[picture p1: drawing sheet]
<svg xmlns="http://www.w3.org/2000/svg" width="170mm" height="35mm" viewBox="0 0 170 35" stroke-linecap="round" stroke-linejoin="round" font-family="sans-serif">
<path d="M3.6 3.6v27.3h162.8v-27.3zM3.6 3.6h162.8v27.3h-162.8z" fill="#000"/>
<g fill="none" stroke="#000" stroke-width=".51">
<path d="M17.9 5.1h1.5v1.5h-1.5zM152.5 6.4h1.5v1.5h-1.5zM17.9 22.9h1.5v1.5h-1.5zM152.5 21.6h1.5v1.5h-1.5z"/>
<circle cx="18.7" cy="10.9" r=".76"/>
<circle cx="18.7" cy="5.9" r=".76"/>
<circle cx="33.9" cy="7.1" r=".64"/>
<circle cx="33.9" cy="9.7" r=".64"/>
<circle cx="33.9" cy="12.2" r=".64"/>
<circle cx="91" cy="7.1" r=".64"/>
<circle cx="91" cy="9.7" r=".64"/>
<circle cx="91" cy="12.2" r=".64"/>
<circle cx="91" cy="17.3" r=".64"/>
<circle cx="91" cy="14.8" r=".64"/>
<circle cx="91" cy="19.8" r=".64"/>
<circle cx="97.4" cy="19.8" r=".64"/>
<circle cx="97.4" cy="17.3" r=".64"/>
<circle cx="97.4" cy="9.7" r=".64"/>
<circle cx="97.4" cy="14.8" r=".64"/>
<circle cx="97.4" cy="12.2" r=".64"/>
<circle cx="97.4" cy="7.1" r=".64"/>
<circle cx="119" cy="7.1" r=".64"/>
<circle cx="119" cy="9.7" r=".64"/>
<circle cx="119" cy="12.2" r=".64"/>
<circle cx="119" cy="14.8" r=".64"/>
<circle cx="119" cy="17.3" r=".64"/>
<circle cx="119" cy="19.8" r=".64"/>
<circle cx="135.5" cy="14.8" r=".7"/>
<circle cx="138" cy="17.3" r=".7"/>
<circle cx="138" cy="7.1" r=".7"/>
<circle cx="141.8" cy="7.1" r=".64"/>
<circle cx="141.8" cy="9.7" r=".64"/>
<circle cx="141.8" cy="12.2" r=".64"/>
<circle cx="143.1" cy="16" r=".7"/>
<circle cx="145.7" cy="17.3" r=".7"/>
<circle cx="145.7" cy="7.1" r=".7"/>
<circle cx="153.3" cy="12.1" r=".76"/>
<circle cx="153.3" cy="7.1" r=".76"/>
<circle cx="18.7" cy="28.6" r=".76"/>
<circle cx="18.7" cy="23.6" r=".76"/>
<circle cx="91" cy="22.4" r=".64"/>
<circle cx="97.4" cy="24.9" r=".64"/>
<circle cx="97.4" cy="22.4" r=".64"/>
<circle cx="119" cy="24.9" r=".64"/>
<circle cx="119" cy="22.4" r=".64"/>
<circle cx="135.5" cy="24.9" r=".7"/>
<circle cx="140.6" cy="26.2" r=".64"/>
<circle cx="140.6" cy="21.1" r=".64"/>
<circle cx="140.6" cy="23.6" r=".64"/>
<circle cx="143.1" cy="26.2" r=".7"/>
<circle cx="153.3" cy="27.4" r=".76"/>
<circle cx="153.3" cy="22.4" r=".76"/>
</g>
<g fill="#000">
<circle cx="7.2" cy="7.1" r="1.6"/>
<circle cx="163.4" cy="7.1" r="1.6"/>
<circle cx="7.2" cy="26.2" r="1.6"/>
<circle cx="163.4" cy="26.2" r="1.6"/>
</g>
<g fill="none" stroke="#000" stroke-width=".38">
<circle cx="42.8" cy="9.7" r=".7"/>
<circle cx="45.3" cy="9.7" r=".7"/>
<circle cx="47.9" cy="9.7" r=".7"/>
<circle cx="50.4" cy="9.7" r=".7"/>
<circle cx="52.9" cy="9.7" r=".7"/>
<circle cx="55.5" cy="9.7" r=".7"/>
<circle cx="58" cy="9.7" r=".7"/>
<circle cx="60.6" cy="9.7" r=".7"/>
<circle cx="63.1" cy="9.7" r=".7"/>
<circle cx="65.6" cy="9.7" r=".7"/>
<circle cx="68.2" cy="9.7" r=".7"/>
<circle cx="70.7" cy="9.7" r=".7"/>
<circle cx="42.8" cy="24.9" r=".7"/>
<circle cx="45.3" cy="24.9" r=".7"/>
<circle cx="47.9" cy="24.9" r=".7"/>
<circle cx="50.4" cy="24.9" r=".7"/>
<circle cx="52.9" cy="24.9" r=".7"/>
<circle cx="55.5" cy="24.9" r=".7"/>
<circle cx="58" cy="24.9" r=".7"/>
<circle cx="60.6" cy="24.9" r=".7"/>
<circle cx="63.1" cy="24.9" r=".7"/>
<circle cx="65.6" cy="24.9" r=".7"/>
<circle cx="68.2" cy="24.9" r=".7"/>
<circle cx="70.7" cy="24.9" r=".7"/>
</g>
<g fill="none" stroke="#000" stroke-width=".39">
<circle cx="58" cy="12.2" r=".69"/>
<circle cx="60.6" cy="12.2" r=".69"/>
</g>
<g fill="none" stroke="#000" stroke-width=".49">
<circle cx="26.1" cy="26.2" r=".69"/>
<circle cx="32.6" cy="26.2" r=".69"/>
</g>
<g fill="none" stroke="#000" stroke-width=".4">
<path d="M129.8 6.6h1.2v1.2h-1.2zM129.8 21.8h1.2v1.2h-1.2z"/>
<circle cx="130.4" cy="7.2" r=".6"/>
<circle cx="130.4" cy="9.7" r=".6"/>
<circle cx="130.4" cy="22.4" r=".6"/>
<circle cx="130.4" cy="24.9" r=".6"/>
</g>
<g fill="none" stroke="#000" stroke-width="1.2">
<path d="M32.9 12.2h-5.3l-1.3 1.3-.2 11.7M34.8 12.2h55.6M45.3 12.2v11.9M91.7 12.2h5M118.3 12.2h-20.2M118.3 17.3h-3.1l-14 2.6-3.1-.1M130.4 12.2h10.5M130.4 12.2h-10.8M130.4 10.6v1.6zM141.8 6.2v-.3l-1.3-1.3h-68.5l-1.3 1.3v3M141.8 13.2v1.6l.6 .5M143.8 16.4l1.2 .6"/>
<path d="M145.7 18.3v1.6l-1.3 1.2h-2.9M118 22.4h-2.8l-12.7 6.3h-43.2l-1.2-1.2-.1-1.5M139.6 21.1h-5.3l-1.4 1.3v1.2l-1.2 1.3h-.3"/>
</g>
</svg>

####

• What is expected:
Show every line from the entries above in which "fill" appears.

• Task response:
<path d="M3.6 3.6v27.3h162.8v-27.3zM3.6 3.6h162.8v27.3h-162.8z" fill="#000"/>
<g fill="none" stroke="#000" stroke-width=".51">
<g fill="#000">
<g fill="none" stroke="#000" stroke-width=".38">
<g fill="none" stroke="#000" stroke-width=".39">
<g fill="none" stroke="#000" stroke-width=".49">
<g fill="none" stroke="#000" stroke-width=".4">
<g fill="none" stroke="#000" stroke-width="1.2">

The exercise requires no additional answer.